- [WORK INSTRUCTION] Among the entries below, how many lines hold "public"? Only the number is wanted.

[Records drawn from a dataset]
####################
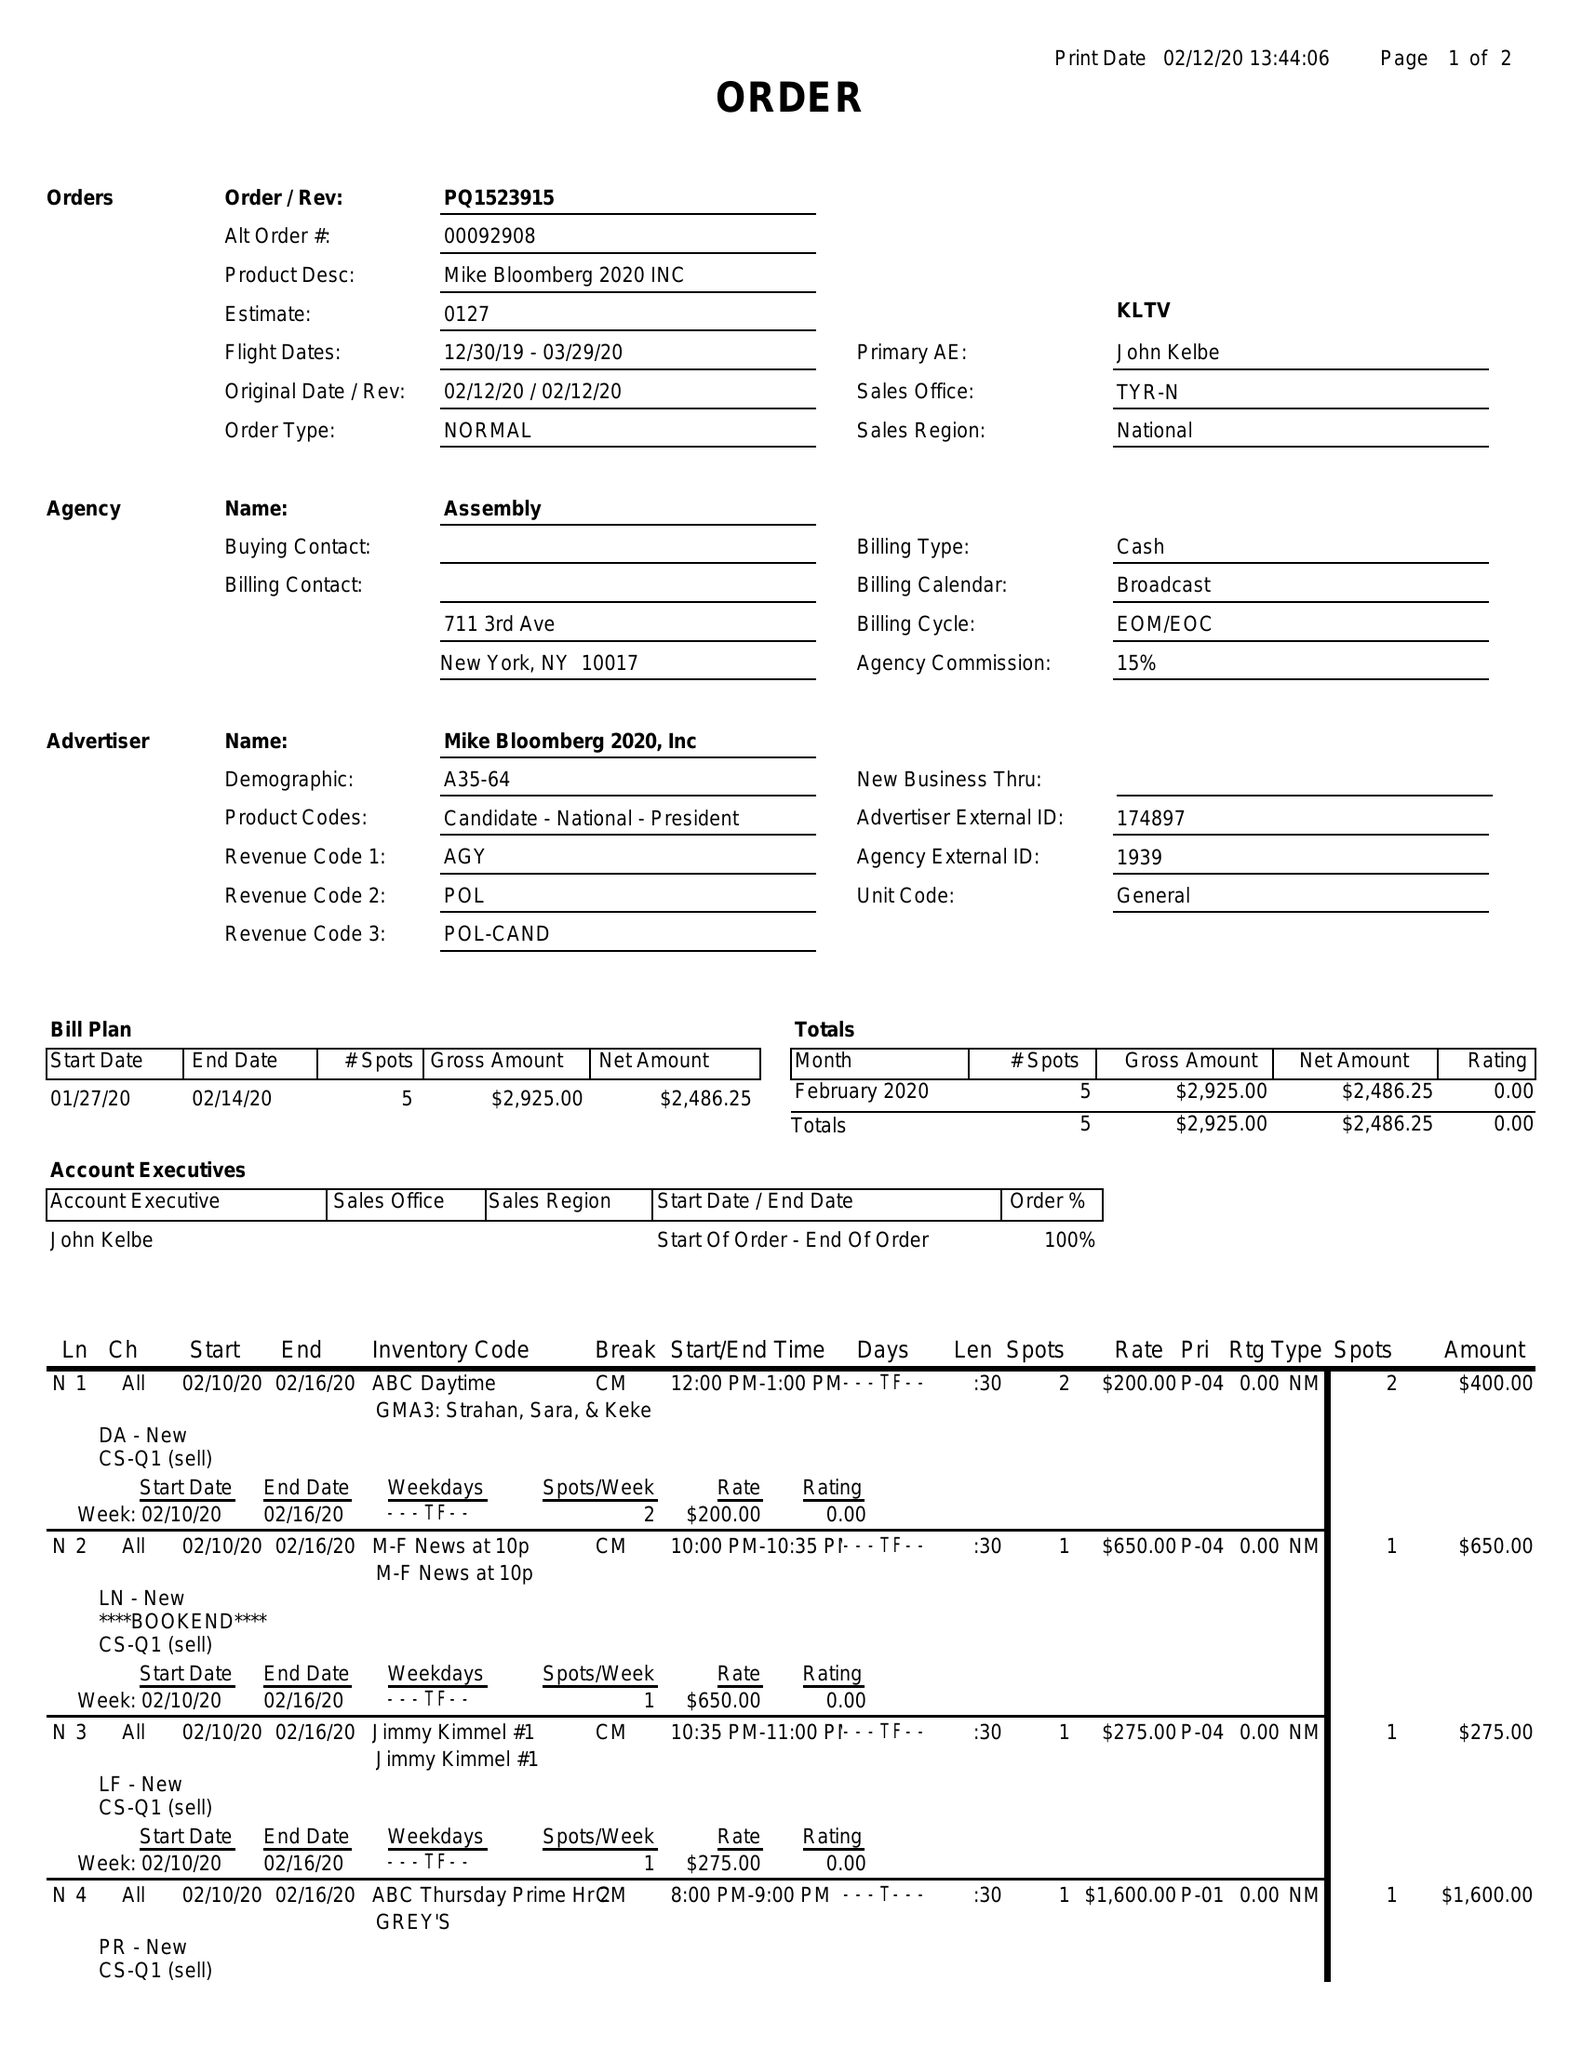What is the value for the advertiser?
Answer the question using a single word or phrase. MIKE BLOOMBERG 2020, INC 
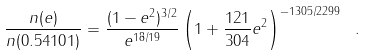<formula> <loc_0><loc_0><loc_500><loc_500>\frac { n ( e ) } { n ( 0 . 5 4 1 0 1 ) } = \frac { ( 1 - e ^ { 2 } ) ^ { 3 / 2 } } { e ^ { 1 8 / 1 9 } } \left ( 1 + \frac { 1 2 1 } { 3 0 4 } e ^ { 2 } \right ) ^ { - 1 3 0 5 / 2 2 9 9 } \ .</formula> 
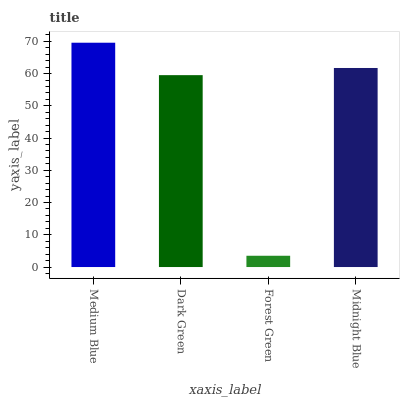Is Forest Green the minimum?
Answer yes or no. Yes. Is Medium Blue the maximum?
Answer yes or no. Yes. Is Dark Green the minimum?
Answer yes or no. No. Is Dark Green the maximum?
Answer yes or no. No. Is Medium Blue greater than Dark Green?
Answer yes or no. Yes. Is Dark Green less than Medium Blue?
Answer yes or no. Yes. Is Dark Green greater than Medium Blue?
Answer yes or no. No. Is Medium Blue less than Dark Green?
Answer yes or no. No. Is Midnight Blue the high median?
Answer yes or no. Yes. Is Dark Green the low median?
Answer yes or no. Yes. Is Medium Blue the high median?
Answer yes or no. No. Is Medium Blue the low median?
Answer yes or no. No. 
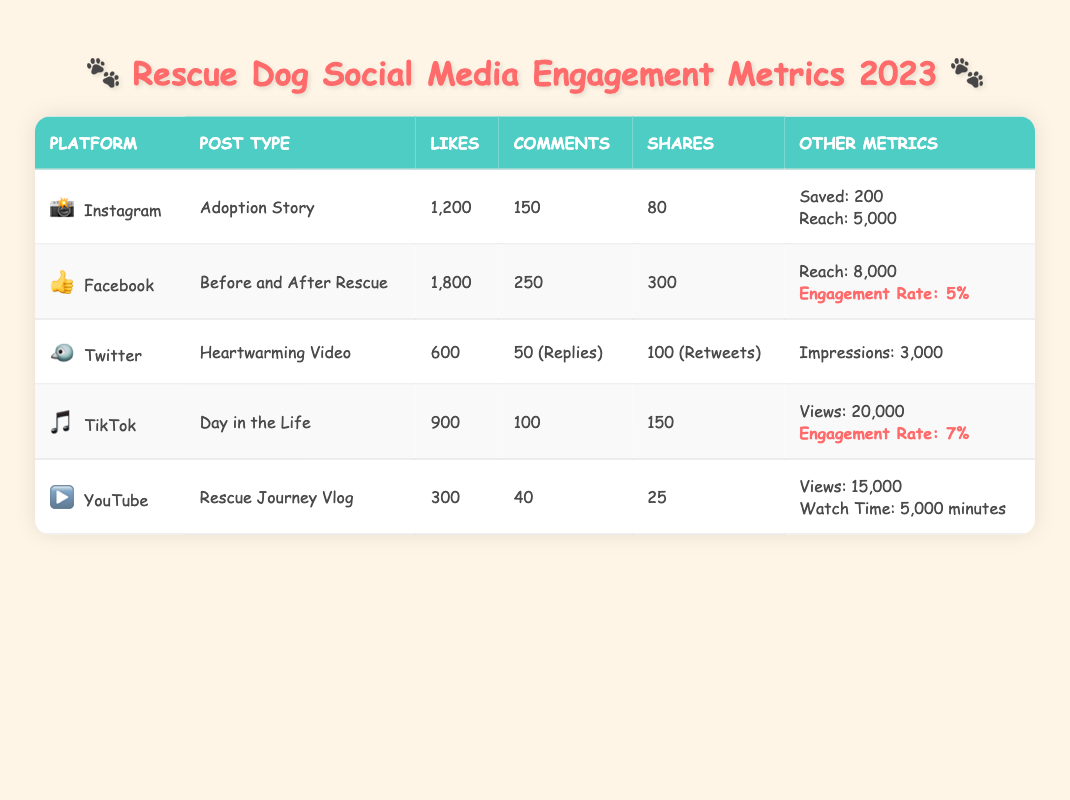What is the highest number of likes on a post? From the table, the highest number of likes is 1800, which is associated with the Facebook post type "Before and After Rescue."
Answer: 1800 Which platform had the most shares? The platform with the most shares is Facebook with 300 shares for the "Before and After Rescue" post.
Answer: Facebook, 300 shares Is the engagement rate for TikTok higher than for Facebook? TikTok has an engagement rate of 7%, while Facebook's engagement rate is 5%. Since 7% is greater than 5%, the statement is true.
Answer: Yes How many total likes are there across all platforms? To find the total likes, we sum the likes over all posts: 1200 (Instagram) + 1800 (Facebook) + 600 (Twitter) + 900 (TikTok) + 300 (YouTube) = 3900.
Answer: 3900 On which platform did the "Rescue Journey Vlog" receive the least engagement in terms of likes and comments combined? For "Rescue Journey Vlog" on YouTube, the combined total of likes (300) and comments (40) is 340. Comparing with other platforms, it has the lowest combined total.
Answer: YouTube What is the average number of comments across all platforms? To find the average comments, add the comments: 150 (Instagram) + 250 (Facebook) + 50 (Twitter) + 100 (TikTok) + 40 (YouTube) = 590. There are 5 posts, so the average is 590 / 5 = 118.
Answer: 118 Did TikTok have more likes than Twitter? TikTok had 900 likes while Twitter only had 600 likes. Therefore, TikTok had more likes than Twitter.
Answer: Yes How many more shares did Facebook have compared to TikTok? Facebook had 300 shares and TikTok had 150 shares. The difference is 300 - 150 = 150 shares more on Facebook than TikTok.
Answer: 150 shares 
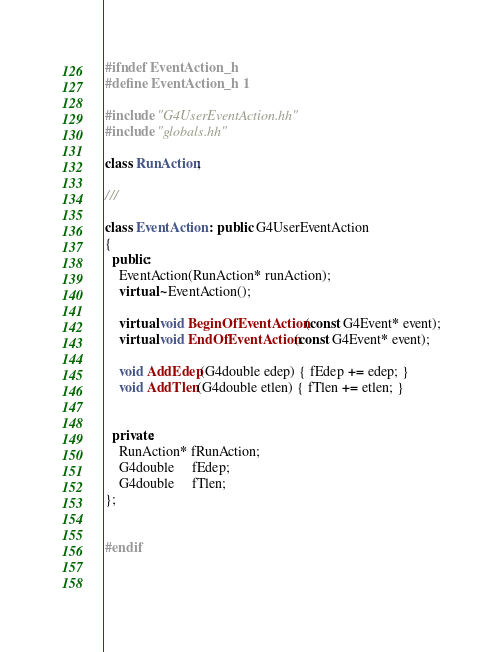<code> <loc_0><loc_0><loc_500><loc_500><_C++_>

#ifndef EventAction_h
#define EventAction_h 1

#include "G4UserEventAction.hh"
#include "globals.hh"

class RunAction;

///

class EventAction : public G4UserEventAction
{
  public:
    EventAction(RunAction* runAction);
    virtual ~EventAction();

    virtual void BeginOfEventAction(const G4Event* event);
    virtual void EndOfEventAction(const G4Event* event);

    void AddEdep(G4double edep) { fEdep += edep; }
    void AddTlen(G4double etlen) { fTlen += etlen; }


  private:
    RunAction* fRunAction;
    G4double     fEdep;
    G4double     fTlen;  
};


#endif

    
</code> 
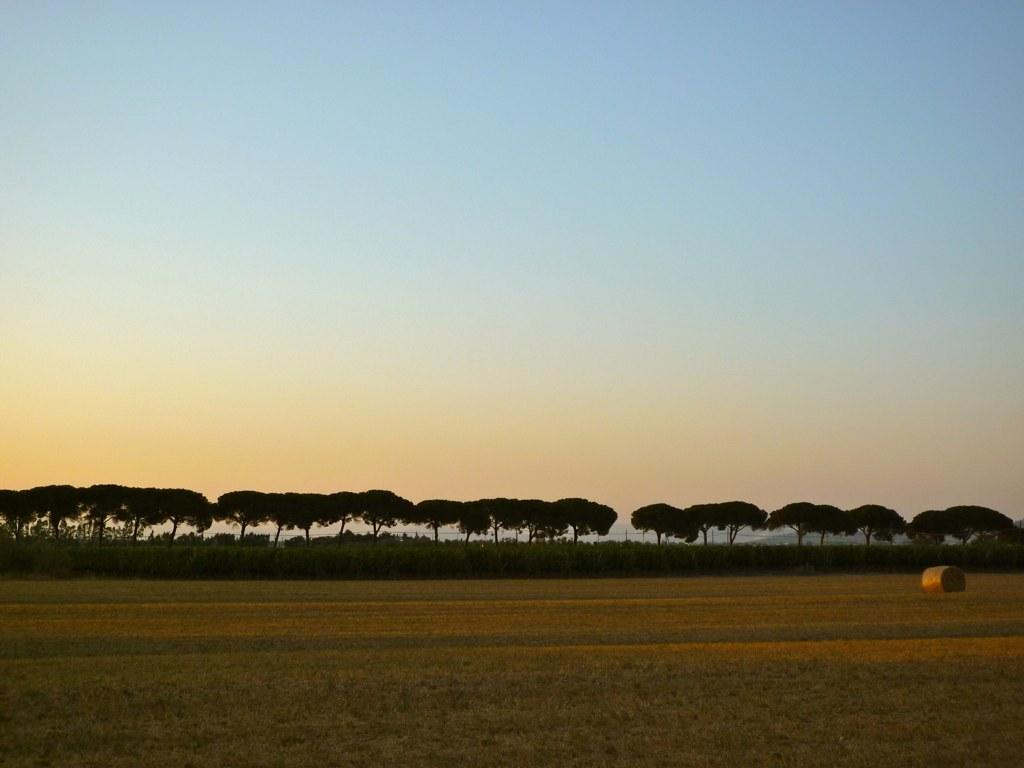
####################
- [WRITTEN RESPONSE] 2